The district court's opinion likewise follows the Supreme Court's reasoning in Bowen, in that it not only considered all of the Eldridge factors, but also considered the practical purposes of the exhaustion requirement. 476 U.S. at 484, 106 S.Ct. 2022. In Bowen, the Court noted that "[t]he ultimate decision of whether to waive exhaustion should not be made solely by mechanical application of the Eldridge factors, but should also be guided by the policies underlying the exhaustion requirement." Id. The appellants advance this statement in support of their argument, but, as we read the Court's Bowen opinion, the Eldridge factors should be considered along with the policies underlying the "intensely practical" exhaustion doctrine. Id. In addition to its Eldridge-factor analysis, the district court's opinion considered the policies underlying exhaustion, which, as the court stated, would allow the agency to "`apply, interpret, or revise policies, regulations, or statutes without possibly premature interference by different individual courts.'" Degnan v. Sebelius, 959 F.Supp.2d 1190, 1194 (D.Minn.2013) (quoting Shalala v. Ill. Council on Long Term Care, Inc., 529 U.S. 1, 13, 120 S.Ct. 1084, 146 L.Ed.2d 1 (2000)).
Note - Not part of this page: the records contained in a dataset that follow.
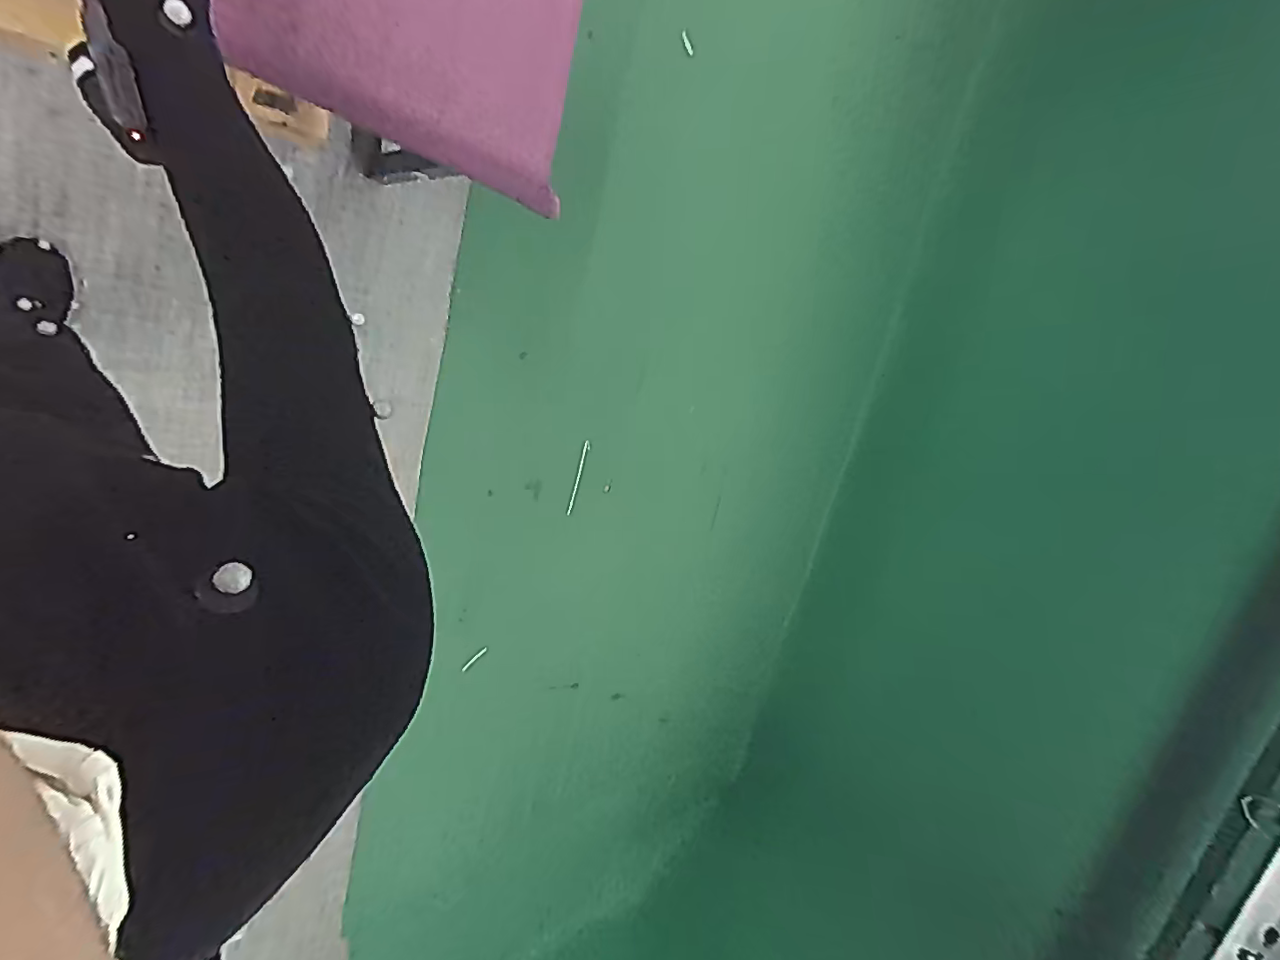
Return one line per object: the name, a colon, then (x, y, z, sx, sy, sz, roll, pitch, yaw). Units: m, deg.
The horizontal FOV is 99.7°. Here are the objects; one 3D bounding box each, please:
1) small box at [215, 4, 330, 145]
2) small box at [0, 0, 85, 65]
small box: (-0.767, -0.826, 1.127, 0.168, 0.176, 0.179, -4, 110, -46)
small box: (-1.026, -0.800, 0.866, 0.179, 0.176, 0.168, -8, 113, -44)

Furthermore, the thrust of appellants' argument — that exhaustion would be futile — is unpersuasive and does not warrant waiver of the exhaustion requirement on its own.
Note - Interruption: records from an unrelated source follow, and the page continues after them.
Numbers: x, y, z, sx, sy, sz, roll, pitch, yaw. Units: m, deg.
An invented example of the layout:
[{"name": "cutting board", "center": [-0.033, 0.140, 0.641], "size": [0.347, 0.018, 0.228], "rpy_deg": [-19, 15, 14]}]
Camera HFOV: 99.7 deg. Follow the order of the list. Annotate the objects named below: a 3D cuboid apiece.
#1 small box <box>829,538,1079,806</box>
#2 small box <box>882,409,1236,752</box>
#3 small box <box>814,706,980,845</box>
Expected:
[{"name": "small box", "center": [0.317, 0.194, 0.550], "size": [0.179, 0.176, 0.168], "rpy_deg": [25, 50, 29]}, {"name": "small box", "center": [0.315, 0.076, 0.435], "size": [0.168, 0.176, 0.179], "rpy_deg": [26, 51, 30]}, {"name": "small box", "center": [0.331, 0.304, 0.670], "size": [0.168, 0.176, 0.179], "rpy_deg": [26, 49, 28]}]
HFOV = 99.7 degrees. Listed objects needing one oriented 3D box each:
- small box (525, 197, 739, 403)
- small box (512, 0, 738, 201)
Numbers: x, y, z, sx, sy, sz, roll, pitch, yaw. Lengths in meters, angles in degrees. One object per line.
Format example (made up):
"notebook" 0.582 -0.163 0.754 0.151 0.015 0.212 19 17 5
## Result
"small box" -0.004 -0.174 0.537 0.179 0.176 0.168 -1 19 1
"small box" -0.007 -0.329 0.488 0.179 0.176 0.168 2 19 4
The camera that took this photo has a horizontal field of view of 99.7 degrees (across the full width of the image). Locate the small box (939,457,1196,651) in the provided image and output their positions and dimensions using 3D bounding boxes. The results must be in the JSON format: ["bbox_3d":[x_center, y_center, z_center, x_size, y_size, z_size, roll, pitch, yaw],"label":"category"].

Finally, the appellants challenge the district court's denial of mandamus jurisdiction, as codified in 28 U.S.C. § 1361. We affirm the district court's denial, given that the appellants may pursue another avenue of relief — that is, the administrative process. See Heckler v. Ringer, 466 U.S. 602, 616, 104 S.Ct. 2013, 80 L.Ed.2d 622 (1984) (denying mandamus jurisdiction where the claimants could seek relief by exhausting their administrative remedies).
For these reasons we affirm the district court.